Shoalwater Bay (SWB) is located 70km north of Rockhampton and is adjacent to and part of the Great Barrier Reef Marine National Park and adjoins Byfield National Park.
SWB has survived as a biologically diverse and superbly beautiful coastal national treasure consisting of around 400,000 hectares; hundreds of kilometres of coral coast, beaches, bays and harbours, wetlands and off shore islands. Its pristine environment is a result of geographic isolation and until recently, only limited, high impact training, by the Australian Defence Forces (ADF).
The area is difficult to access and virtually unvisited by the local population who until recently believed the ADF provided the best caretaking option. Fishermen, yachtsmen, the ADF and National Park staff, all recognise the significance of this unique region. The 1994 Commonwealth Commission of Inquiry - Shoalwater Bay banned sand mining recognising “World Heritage” values and environmental importance.
Public sentiment began changing in 2005 after the Australian Government entered an agreement with the USA, which provided the Americans with long term access to and joint use of Shoalwater Bay Training Area (SWBTA), and to other Australian military facilities across the continent.

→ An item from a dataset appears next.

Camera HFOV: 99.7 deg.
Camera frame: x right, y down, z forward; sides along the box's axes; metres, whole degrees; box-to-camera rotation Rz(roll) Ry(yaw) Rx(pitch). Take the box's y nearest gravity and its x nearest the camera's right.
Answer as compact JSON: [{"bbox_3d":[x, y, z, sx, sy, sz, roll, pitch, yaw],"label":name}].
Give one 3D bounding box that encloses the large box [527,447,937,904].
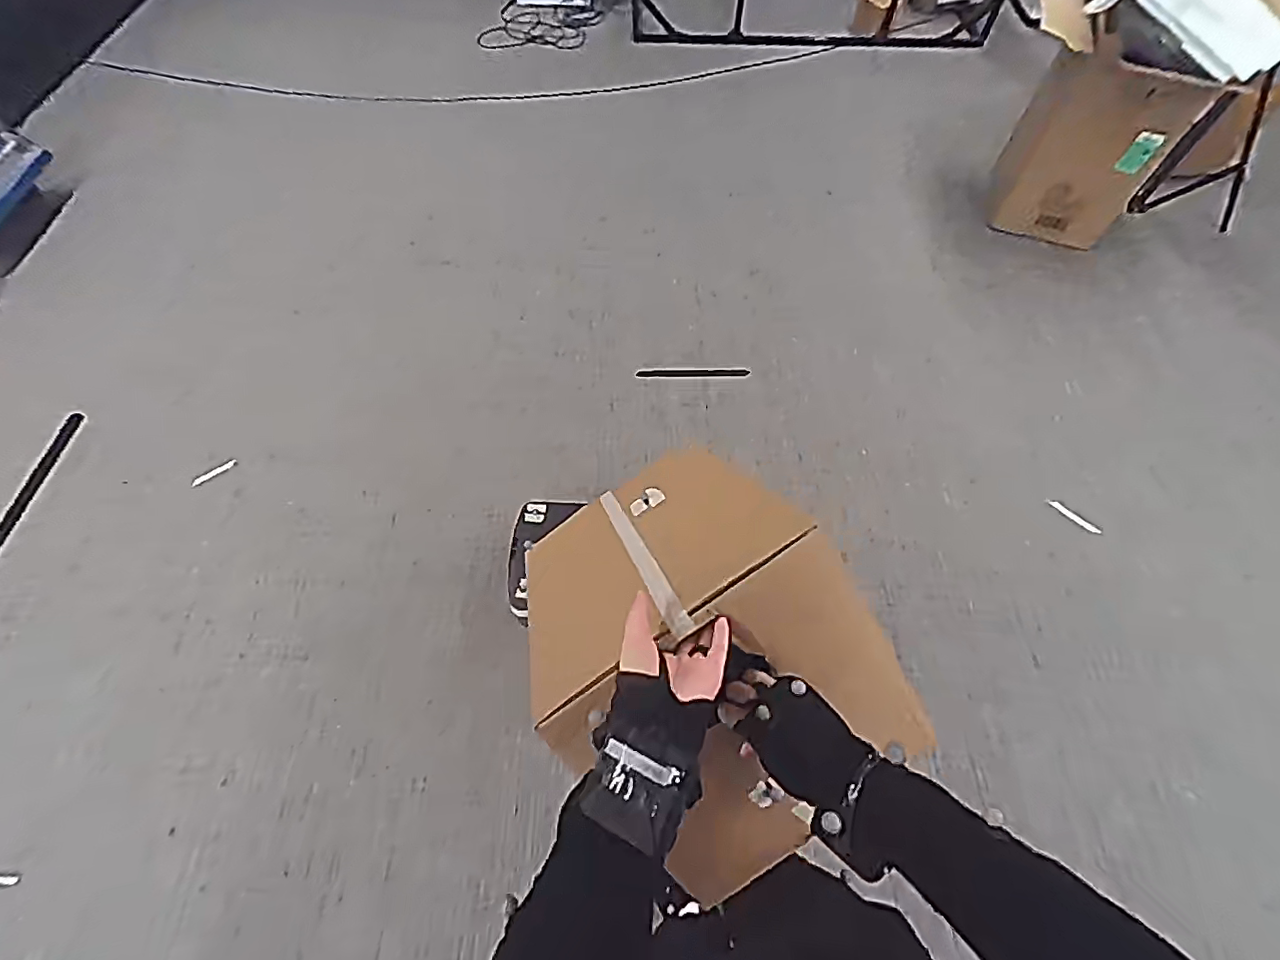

This agreement ties Australia to the rapid military build up taking place in the north-west Pacific, particularly in Guam, a US territory to our north. The Talisman Saber 2007 exercise is a result of this agreement; as part of the Australian-USA Joint Combined Training Centre.
Shoalwater Bay is one of the US Pentagon’s largest and most important training areas and bombing ranges in the Asia-Pacific region. There has not been disclosure of the terms of these agreements or what weaponry will be used in SWB or Australia generally
Research by the Shoalwater Wilderness Awareness Group (SWAG), into the history of US military training and bases in foreign countries reveal an appalling record. Serious environmental, economic, social and health problems have too often resulted.
The US military doesn’t have a clean slate when it comes to environmental and health protection in Guam. In 2006, University of Guam professor Dr Luis Szyfres identified that Guam’s environment may be causing diseases affecting local residents due to the US military using Guam’s small Cocos Island as a toxic dumpsite more than 50 years ago. In 1946, the Naval Station Guam was built on Cocos Island on the southern tip of the island and was used for the decontamination of US ships returning from service in the US nuclear test detonations in the Marshall Islands.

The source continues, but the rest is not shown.